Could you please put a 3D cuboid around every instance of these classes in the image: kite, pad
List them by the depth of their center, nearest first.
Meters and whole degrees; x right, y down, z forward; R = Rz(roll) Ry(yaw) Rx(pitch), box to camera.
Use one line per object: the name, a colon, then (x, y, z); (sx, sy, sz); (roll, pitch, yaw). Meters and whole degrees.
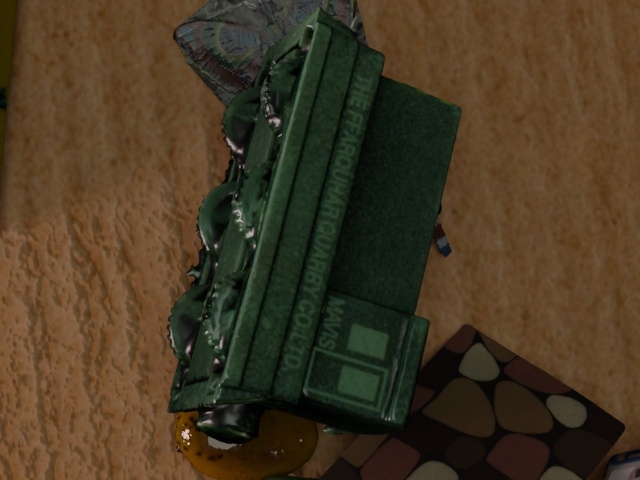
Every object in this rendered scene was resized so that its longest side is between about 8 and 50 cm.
pad: (0.104, 0.174, 1.069); (0.158, 0.003, 0.235); (32, 57, 25)
kite: (0.004, -0.087, 1.154); (0.152, 0.015, 0.285); (-27, 86, -4)

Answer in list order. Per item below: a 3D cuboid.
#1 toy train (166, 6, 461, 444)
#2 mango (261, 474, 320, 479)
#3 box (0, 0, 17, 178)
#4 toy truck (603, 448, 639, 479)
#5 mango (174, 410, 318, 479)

———

The task
The lines to restate word for word run from the line that contains "Meters and whole degrees;" through the end of the entries above, both ends included. Leave out all pictures and write nothing else.

Task answer
Meters and whole degrees; x right, y down, z forward; R = Rz(roll) Ry(yaw) Rx(pitch), box to camera.
Use one line per object: the name, a colon, then (x, y, z); (sx, sy, sz); (roll, pitch, yaw). Meters and whole degrees.
Every object in this rendered scene was resized so that its longest side is between about 8 and 50 cm.
pad: (0.104, 0.174, 1.069); (0.158, 0.003, 0.235); (32, 57, 25)
kite: (0.004, -0.087, 1.154); (0.152, 0.015, 0.285); (-27, 86, -4)

Answer in list order. Per item below: a 3D cuboid.
#1 toy train (166, 6, 461, 444)
#2 mango (261, 474, 320, 479)
#3 box (0, 0, 17, 178)
#4 toy truck (603, 448, 639, 479)
#5 mango (174, 410, 318, 479)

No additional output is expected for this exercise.